The Fun PodSmart Summarizer is a Python-based application designed to automatically generate concise summaries of textual content. Utilizing advanced language processing techniques, this tool is ideal for digesting large volumes of text quickly and efficiently.
- API for Text Summarization: Offers a FastAPI interface to summarize text through HTTP requests.
- Advanced NLP Operations: Employs several stages of summarization and topic extraction, leveraging the LangChain library and custom utilities.
- Visualization Tools: Includes functionality to visualize similarity matrices and topic distributions.
- PDF Text Extraction: Capable of reading and cleaning text from PDF files.
- JSONL to Markdown Conversion: Converts summaries from JSONL format to markdown files.
To set up the project, follow these steps:
-
Clone the repository:
git clone https://github.com/rohanawhad/fun_podsmart_summarizer.git
-
Install the required packages:
pip install -r requirements.txt
-
Set up environment variables:
API_ACCESS_KEY
: Your custom access key for using the API.

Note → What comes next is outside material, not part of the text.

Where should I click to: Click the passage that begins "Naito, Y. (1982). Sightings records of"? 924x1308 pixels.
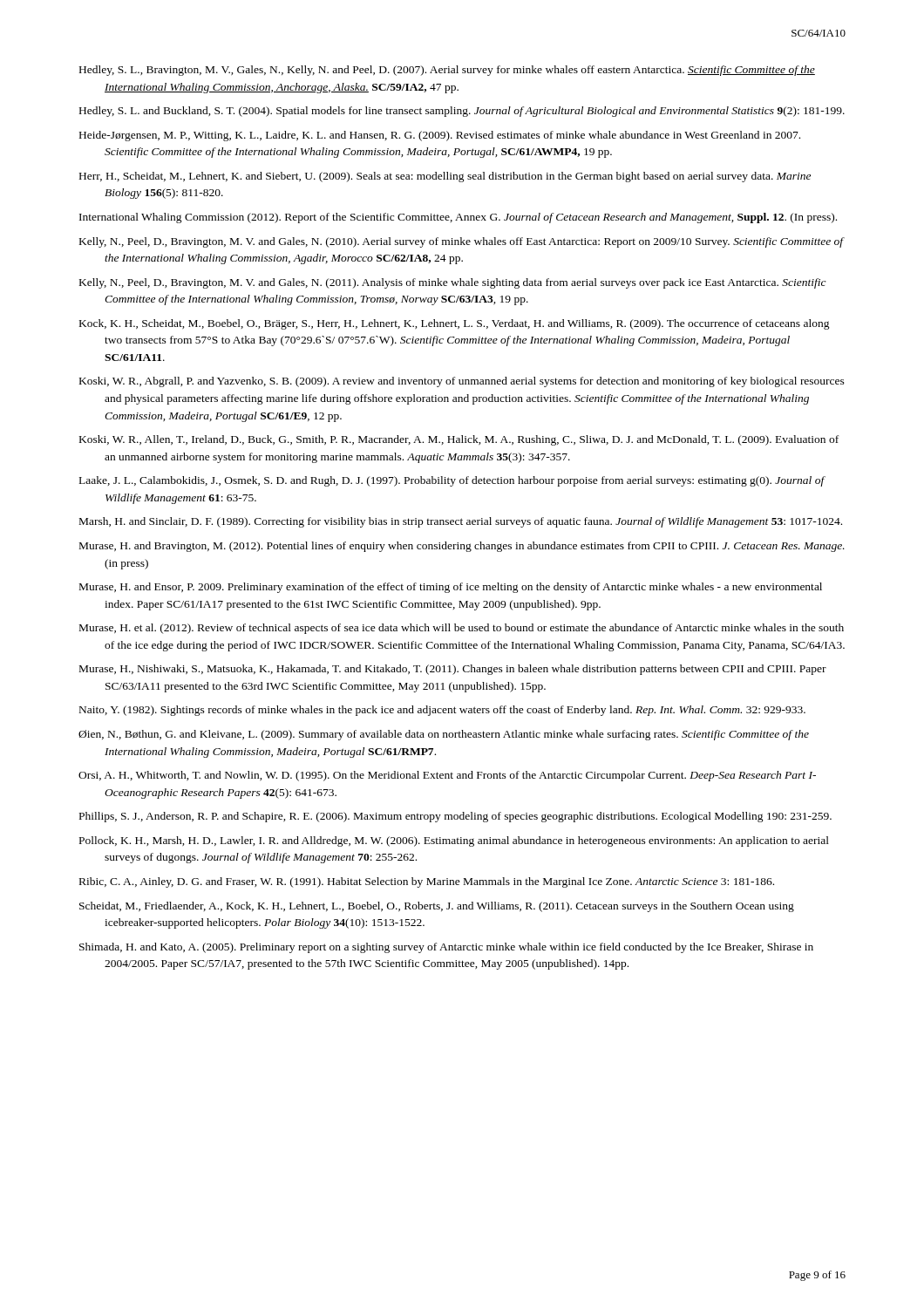pyautogui.click(x=442, y=710)
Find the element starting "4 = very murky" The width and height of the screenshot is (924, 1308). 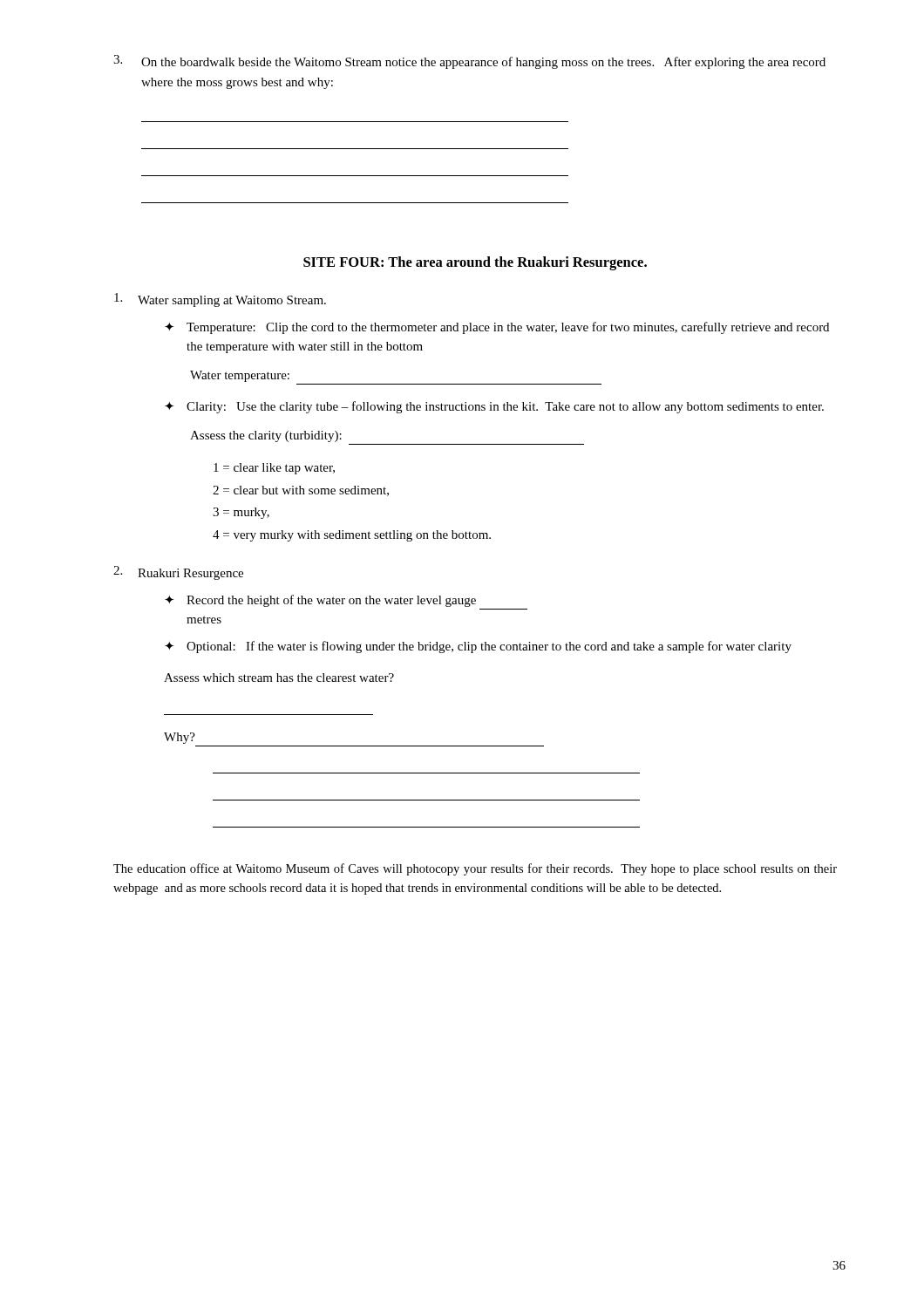click(352, 534)
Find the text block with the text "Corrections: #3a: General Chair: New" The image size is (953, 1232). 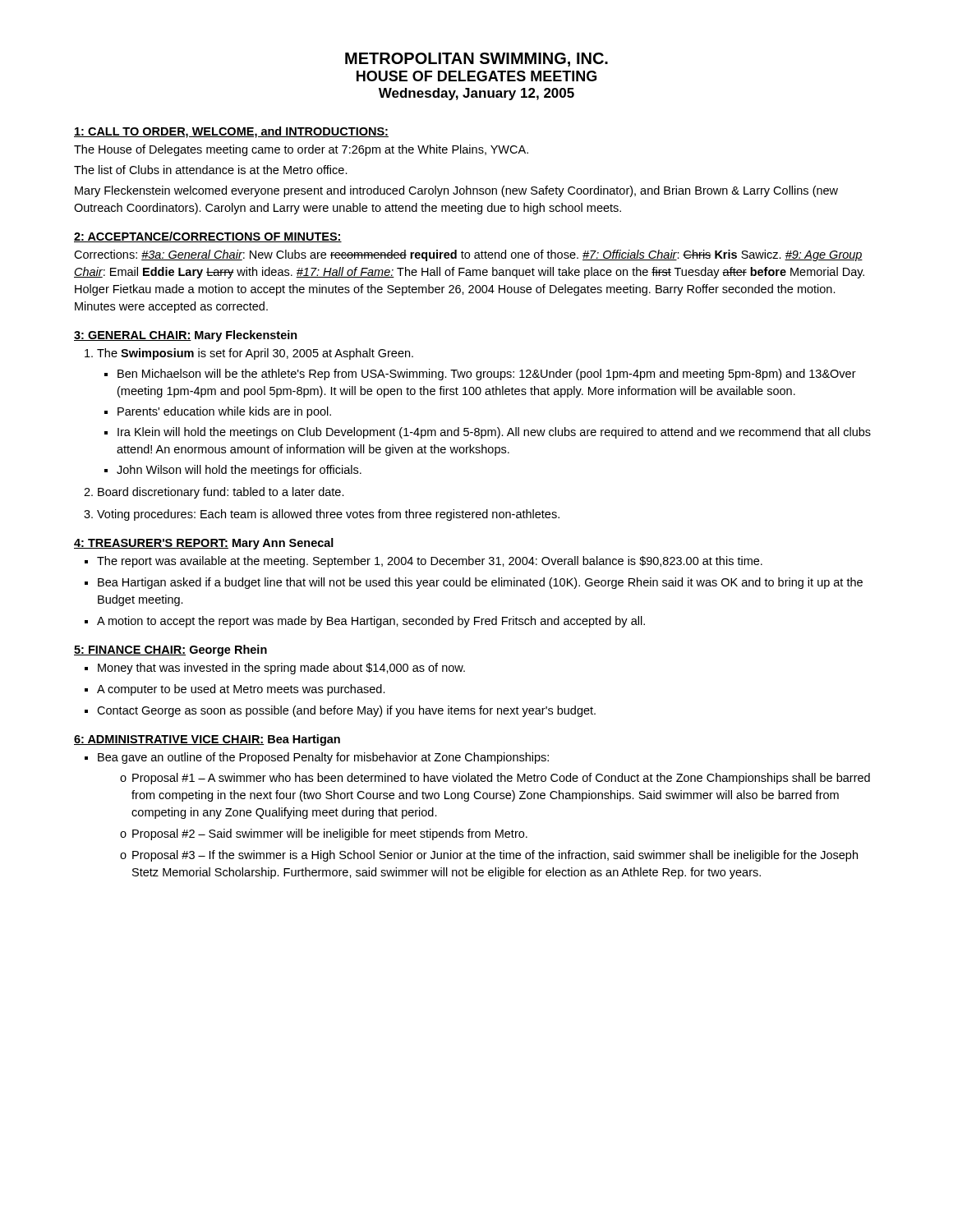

Run the following command to start the FastAPI server:
uvicorn api:app --host 0.0.0.0 --port 8000
Send a POST request to the /summarize
endpoint with the following JSON body:
{
"text": "Your text here",
"access_key": "Your API access key"
}
The API will return a markdown-formatted summary of the provided text.
Utilize the provided plotting functions in the main.py
file to generate plots for similarity matrices and topic distributions.
- API Module (
api.py
): Handles the web server and API requests. - Main Logic (
main.py
): Contains the core functionality for text summarization and visualization. - Utilities (
src/utils.py
): Provides helper functions for text processing and data manipulation. - Encoder Service (
src/encoder_service.py
): Manages sentence embedding operations.
- Create a new branch for your feature.
- Implement your feature with corresponding unit tests.
- Submit a pull request to the main branch.
This project is licensed under the MIT License - see the LICENSE.md file for details.